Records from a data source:
────
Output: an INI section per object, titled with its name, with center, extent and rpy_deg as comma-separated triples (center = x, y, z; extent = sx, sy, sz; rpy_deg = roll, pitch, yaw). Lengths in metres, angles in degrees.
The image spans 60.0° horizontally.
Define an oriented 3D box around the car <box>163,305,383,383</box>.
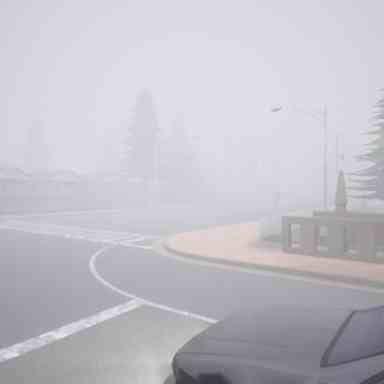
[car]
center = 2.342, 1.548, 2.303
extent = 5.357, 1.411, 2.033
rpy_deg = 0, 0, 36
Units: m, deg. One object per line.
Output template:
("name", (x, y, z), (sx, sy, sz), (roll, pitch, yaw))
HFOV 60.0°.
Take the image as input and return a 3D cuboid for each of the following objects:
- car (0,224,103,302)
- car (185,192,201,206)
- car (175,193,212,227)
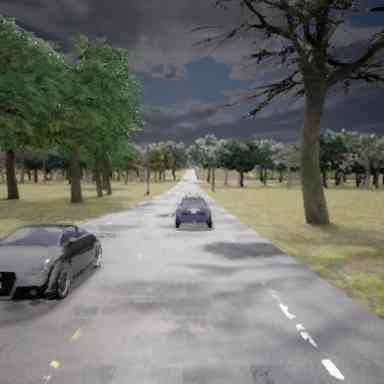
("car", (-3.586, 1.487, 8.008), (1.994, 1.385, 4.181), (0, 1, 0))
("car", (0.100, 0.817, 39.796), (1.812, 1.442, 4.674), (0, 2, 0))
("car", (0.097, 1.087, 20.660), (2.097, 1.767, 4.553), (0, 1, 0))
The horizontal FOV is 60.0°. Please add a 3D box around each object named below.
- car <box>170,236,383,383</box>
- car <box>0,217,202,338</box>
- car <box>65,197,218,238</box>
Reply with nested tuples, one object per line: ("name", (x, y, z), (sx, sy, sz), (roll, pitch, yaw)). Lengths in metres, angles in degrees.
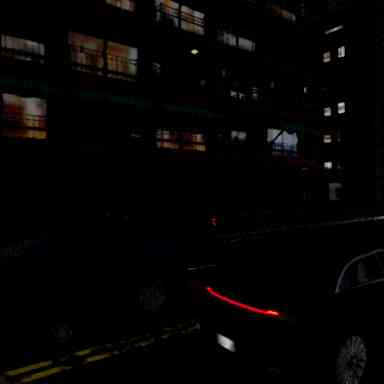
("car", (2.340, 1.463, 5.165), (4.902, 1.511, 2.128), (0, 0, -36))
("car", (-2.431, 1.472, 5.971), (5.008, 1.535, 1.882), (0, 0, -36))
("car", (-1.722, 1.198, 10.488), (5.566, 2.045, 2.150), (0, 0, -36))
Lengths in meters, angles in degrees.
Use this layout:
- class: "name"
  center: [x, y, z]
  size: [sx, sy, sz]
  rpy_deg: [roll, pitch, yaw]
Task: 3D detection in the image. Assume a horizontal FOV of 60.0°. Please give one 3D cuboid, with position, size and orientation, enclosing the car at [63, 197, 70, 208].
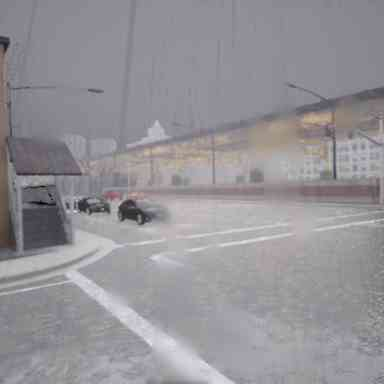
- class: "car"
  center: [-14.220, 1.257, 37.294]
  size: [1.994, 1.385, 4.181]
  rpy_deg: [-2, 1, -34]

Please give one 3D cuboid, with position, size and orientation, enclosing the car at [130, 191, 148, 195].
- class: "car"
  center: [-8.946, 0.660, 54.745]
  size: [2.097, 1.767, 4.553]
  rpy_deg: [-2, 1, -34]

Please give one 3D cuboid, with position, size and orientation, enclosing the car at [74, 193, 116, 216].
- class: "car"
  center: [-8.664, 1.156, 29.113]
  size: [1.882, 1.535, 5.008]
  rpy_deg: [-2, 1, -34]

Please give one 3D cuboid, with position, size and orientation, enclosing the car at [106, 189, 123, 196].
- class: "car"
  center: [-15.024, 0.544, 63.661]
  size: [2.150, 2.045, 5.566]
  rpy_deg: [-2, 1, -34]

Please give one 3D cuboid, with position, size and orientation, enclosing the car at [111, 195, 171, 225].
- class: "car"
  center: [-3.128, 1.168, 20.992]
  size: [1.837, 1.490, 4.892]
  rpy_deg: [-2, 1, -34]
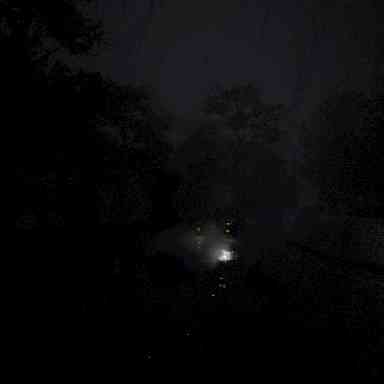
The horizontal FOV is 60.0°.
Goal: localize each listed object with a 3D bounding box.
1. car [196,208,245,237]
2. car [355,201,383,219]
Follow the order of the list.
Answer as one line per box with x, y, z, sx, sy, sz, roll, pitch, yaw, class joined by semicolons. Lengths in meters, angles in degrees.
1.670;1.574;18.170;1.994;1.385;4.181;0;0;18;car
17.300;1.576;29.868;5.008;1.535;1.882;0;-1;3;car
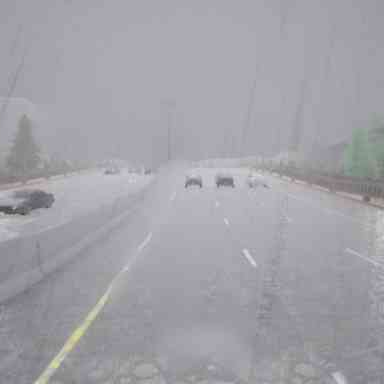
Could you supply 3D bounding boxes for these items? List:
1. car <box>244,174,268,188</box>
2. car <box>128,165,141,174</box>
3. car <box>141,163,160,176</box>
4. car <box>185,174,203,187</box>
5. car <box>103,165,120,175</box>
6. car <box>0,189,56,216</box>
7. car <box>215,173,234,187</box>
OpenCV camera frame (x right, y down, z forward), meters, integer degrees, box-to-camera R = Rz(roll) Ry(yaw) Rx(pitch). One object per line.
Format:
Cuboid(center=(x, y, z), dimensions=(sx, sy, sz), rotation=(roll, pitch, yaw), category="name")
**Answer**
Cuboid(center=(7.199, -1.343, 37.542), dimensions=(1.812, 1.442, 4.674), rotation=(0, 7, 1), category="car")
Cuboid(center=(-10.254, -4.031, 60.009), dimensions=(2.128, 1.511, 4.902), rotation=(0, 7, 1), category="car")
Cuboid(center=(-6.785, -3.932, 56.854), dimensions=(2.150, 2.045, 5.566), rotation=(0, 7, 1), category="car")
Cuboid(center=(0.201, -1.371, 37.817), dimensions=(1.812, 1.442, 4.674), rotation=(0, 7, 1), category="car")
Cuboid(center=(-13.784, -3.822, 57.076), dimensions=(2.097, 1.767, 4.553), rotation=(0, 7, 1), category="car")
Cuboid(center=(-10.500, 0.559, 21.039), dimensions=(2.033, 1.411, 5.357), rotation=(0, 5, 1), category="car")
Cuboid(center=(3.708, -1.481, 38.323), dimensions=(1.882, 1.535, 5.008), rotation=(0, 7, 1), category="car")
────
> PROBLEM REQUIREMENTS
From the first line of the data above through the line containing "The image spans 60.0° horizontally.", repeat each line exactly, and add nothing.

> RESPONSE
Output: an INI section per object, titled with its name, with center, extent and rpy_deg as comma-separated triples (center = x, y, z; extent = sx, sy, sz; rpy_deg = roll, pitch, yaw). Lengths in metres, angles in degrees.
The image spans 60.0° horizontally.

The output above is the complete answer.